Real Estate Industry News

Joseph is CEO of TenantCloud, a cloud-based property management solution that helps landlords maximize revenue from rental properties.

The pandemic has gone on longer than any of us could have ever imagined. Most of us are still living, working and existing solely in and around our homes. Many of those homes are rentals where families are struggling to pay their rent. With the federal eviction moratorium having originally expired at the end of January 2021, landlords are also hoping for some relief as they have had to carry the expense of both their own households and their renters’ households in regards to mortgages, insurance and property taxes. 

The American Rescue Plan (ARP) is President Biden’s new $1.9 trillion stimulus package that would provide tenants and landlords with a chunk of financial relief.

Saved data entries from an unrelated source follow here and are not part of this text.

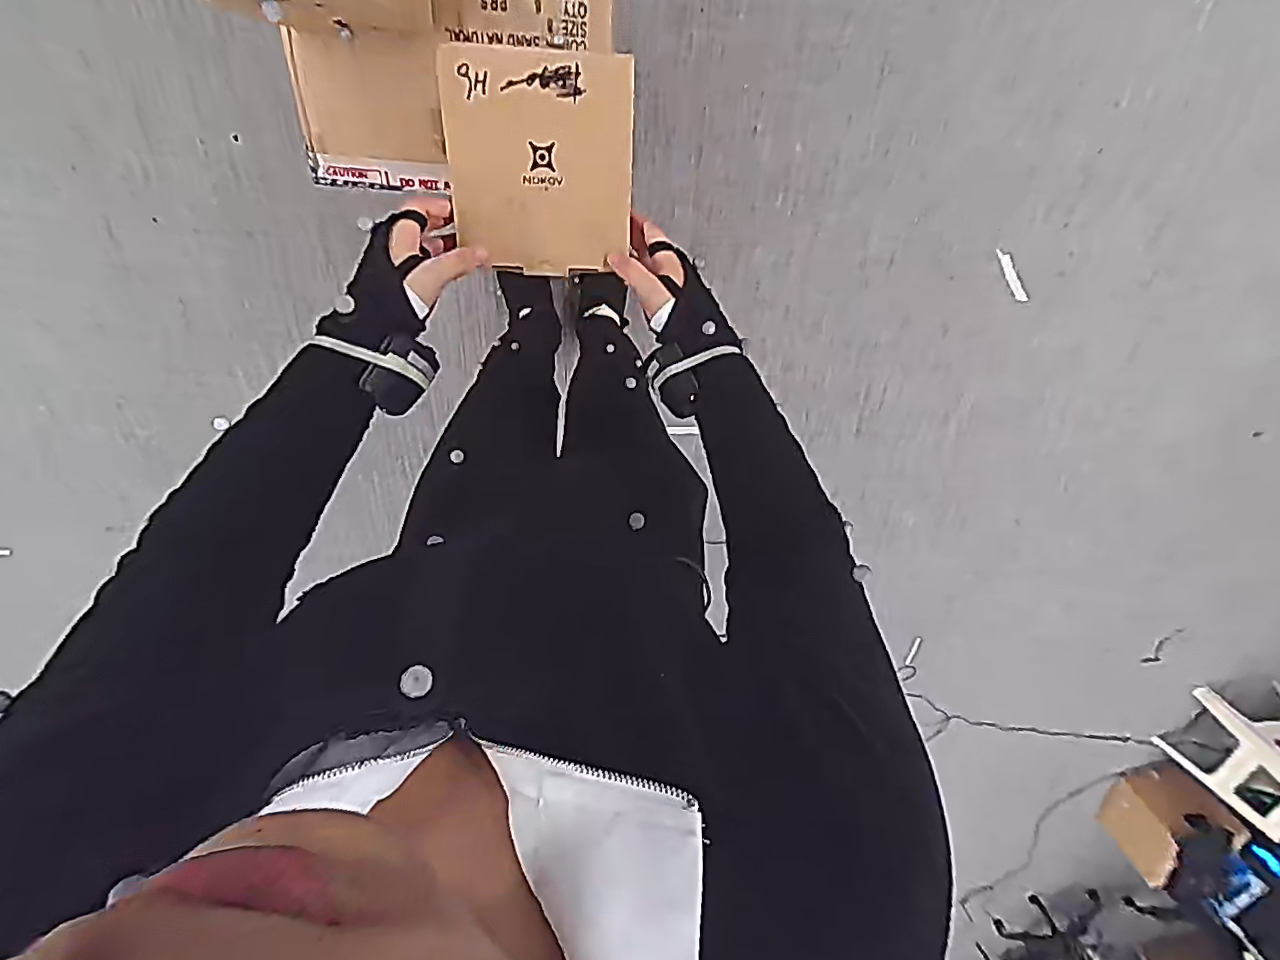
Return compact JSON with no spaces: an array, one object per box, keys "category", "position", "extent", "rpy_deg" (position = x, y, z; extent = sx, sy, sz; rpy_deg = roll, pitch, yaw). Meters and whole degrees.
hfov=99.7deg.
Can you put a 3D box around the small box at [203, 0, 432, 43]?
[{"category":"small box","position":[-0.315,-0.542,0.514],"extent":[0.168,0.176,0.179],"rpy_deg":[-1,123,-2]}]

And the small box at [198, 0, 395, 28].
[{"category":"small box","position":[-0.293,-0.449,0.378],"extent":[0.168,0.176,0.179],"rpy_deg":[2,123,-4]}]

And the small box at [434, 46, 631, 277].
[{"category":"small box","position":[-0.099,-0.319,0.560],"extent":[0.168,0.176,0.179],"rpy_deg":[-1,120,-6]}]

The proposed bill slates $25 billion for rent assistance and $5 billion for assisting with utilities, but also imposes another eviction moratorium until the end of September 2021. Given the eviction ban is limited to federally guaranteed properties, those same borrowers are also eligible for forbearance through September 2021. At the time of this writing, the ARP has been passed by the House and is waiting to be voted on by the Senate.

The stimulus package will provide an additional $25 billion (for a total of $50 billion) to the Emergency Rent Assistance initiative that was founded in January of this year. Each state and city also has the ability to create their own unique programs in that they can add to the minimum requirements set by the federal statute. Most states created their programs in mid-2020 after the first stimulus bill passed, with the expectation that there would be limited funds available. The fledgling programs have now provided a tremendous outflow of funds as states have received a minimum of $200 million, with maximum amounts being proportioned based on each state’s population. The funds are specifically slated to help tenants pay their outstanding rents in an effort to reduce the estimated $70 billion in back rent being carried by landlords across the country. 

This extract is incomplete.